> _About this task_: All entries should be copied exactly; the pictures stay out.

> _Items listed in a dataset_:
____________

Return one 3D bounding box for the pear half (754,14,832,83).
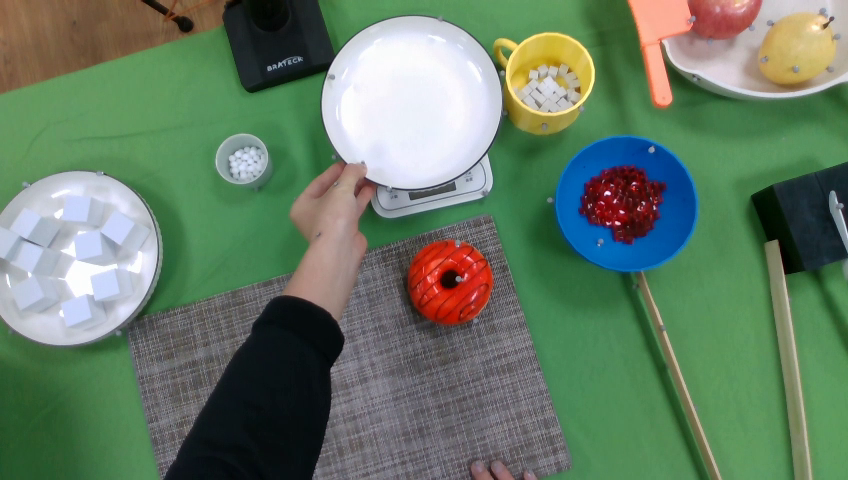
[{"bbox_3d":[0.420,-0.214,0.682,0.076,0.110,0.056,19,83,8],"label":"pear half"}]

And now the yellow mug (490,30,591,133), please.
[{"bbox_3d":[0.128,-0.194,0.714,0.130,0.064,0.100,40,85,8],"label":"yellow mug"}]

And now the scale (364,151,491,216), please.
[{"bbox_3d":[-0.010,-0.138,0.727,0.149,0.031,0.200,-13,82,0],"label":"scale"}]

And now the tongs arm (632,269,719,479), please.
[{"bbox_3d":[0.314,0.204,0.665,0.051,0.026,0.383,-16,82,-5],"label":"tongs arm"}]

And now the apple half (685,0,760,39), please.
[{"bbox_3d":[0.341,-0.267,0.710,0.081,0.075,0.053,25,86,3],"label":"apple half"}]

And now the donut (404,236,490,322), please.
[{"bbox_3d":[0.025,0.044,0.688,0.099,0.048,0.099,0,83,3],"label":"donut"}]

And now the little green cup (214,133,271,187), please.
[{"bbox_3d":[-0.214,-0.093,0.723,0.061,0.039,0.061,0,81,2],"label":"little green cup"}]

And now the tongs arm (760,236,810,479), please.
[{"bbox_3d":[0.398,0.187,0.669,0.028,0.028,0.386,-1,82,-6],"label":"tongs arm"}]

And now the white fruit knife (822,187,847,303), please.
[{"bbox_3d":[0.465,0.041,0.662,0.016,0.027,0.207,-19,96,0],"label":"white fruit knife"}]

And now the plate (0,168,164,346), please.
[{"bbox_3d":[-0.404,0.020,0.711,0.207,0.039,0.207,0,81,2],"label":"plate"}]

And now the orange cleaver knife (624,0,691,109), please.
[{"bbox_3d":[0.258,-0.253,0.682,0.077,0.012,0.210,-12,82,2],"label":"orange cleaver knife"}]

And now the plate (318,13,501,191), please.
[{"bbox_3d":[-0.016,-0.156,0.696,0.209,0.038,0.208,0,81,1],"label":"plate"}]

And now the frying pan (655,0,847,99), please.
[{"bbox_3d":[0.457,-0.227,0.690,0.306,0.103,0.485,-43,75,-4],"label":"frying pan"}]

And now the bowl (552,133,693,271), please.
[{"bbox_3d":[0.213,-0.036,0.682,0.151,0.077,0.151,0,82,2],"label":"bowl"}]

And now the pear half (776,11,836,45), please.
[{"bbox_3d":[0.435,-0.244,0.695,0.070,0.088,0.031,14,81,10],"label":"pear half"}]

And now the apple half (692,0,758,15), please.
[{"bbox_3d":[0.356,-0.302,0.714,0.081,0.081,0.033,24,86,6],"label":"apple half"}]
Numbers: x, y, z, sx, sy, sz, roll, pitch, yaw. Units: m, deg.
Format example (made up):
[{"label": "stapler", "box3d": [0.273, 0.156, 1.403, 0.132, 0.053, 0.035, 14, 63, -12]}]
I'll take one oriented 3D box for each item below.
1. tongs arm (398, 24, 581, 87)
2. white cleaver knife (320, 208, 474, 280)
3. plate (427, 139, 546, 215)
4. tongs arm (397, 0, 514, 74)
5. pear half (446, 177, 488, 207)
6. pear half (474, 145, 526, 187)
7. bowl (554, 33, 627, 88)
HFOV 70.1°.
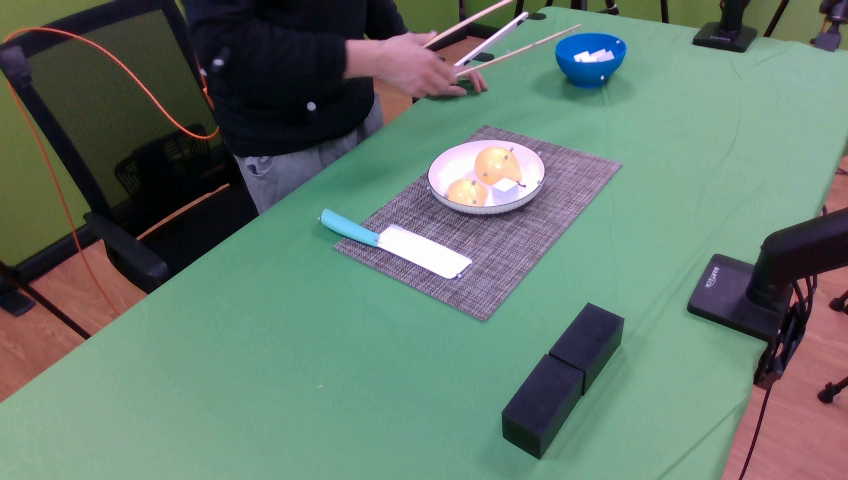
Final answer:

____________

> _Task result_:
Return one 3D bounding box for the pear half (754,14,832,83).
[{"bbox_3d":[0.420,-0.214,0.682,0.076,0.110,0.056,19,83,8],"label":"pear half"}]

And now the yellow mug (490,30,591,133), please.
[{"bbox_3d":[0.128,-0.194,0.714,0.130,0.064,0.100,40,85,8],"label":"yellow mug"}]

And now the scale (364,151,491,216), please.
[{"bbox_3d":[-0.010,-0.138,0.727,0.149,0.031,0.200,-13,82,0],"label":"scale"}]

And now the tongs arm (632,269,719,479), please.
[{"bbox_3d":[0.314,0.204,0.665,0.051,0.026,0.383,-16,82,-5],"label":"tongs arm"}]

And now the apple half (685,0,760,39), please.
[{"bbox_3d":[0.341,-0.267,0.710,0.081,0.075,0.053,25,86,3],"label":"apple half"}]

And now the donut (404,236,490,322), please.
[{"bbox_3d":[0.025,0.044,0.688,0.099,0.048,0.099,0,83,3],"label":"donut"}]

And now the little green cup (214,133,271,187), please.
[{"bbox_3d":[-0.214,-0.093,0.723,0.061,0.039,0.061,0,81,2],"label":"little green cup"}]

And now the tongs arm (760,236,810,479), please.
[{"bbox_3d":[0.398,0.187,0.669,0.028,0.028,0.386,-1,82,-6],"label":"tongs arm"}]

And now the white fruit knife (822,187,847,303), please.
[{"bbox_3d":[0.465,0.041,0.662,0.016,0.027,0.207,-19,96,0],"label":"white fruit knife"}]

And now the plate (0,168,164,346), please.
[{"bbox_3d":[-0.404,0.020,0.711,0.207,0.039,0.207,0,81,2],"label":"plate"}]

And now the orange cleaver knife (624,0,691,109), please.
[{"bbox_3d":[0.258,-0.253,0.682,0.077,0.012,0.210,-12,82,2],"label":"orange cleaver knife"}]

And now the plate (318,13,501,191), please.
[{"bbox_3d":[-0.016,-0.156,0.696,0.209,0.038,0.208,0,81,1],"label":"plate"}]

And now the frying pan (655,0,847,99), please.
[{"bbox_3d":[0.457,-0.227,0.690,0.306,0.103,0.485,-43,75,-4],"label":"frying pan"}]

And now the bowl (552,133,693,271), please.
[{"bbox_3d":[0.213,-0.036,0.682,0.151,0.077,0.151,0,82,2],"label":"bowl"}]

And now the pear half (776,11,836,45), please.
[{"bbox_3d":[0.435,-0.244,0.695,0.070,0.088,0.031,14,81,10],"label":"pear half"}]

And now the apple half (692,0,758,15), please.
[{"bbox_3d":[0.356,-0.302,0.714,0.081,0.081,0.033,24,86,6],"label":"apple half"}]
Numbers: x, y, z, sx, sy, sz, roll, pitch, yaw. Units: m, deg.
Format example (made up):
[{"label": "stapler", "box3d": [0.273, 0.156, 1.403, 0.132, 0.053, 0.035, 14, 63, -12]}]
I'll take one oriented 3D box for each item below.
1. tongs arm (398, 24, 581, 87)
2. white cleaver knife (320, 208, 474, 280)
3. plate (427, 139, 546, 215)
4. tongs arm (397, 0, 514, 74)
5. pear half (446, 177, 488, 207)
6. pear half (474, 145, 526, 187)
7. bowl (554, 33, 627, 88)
HFOV 70.1°.
Final answer:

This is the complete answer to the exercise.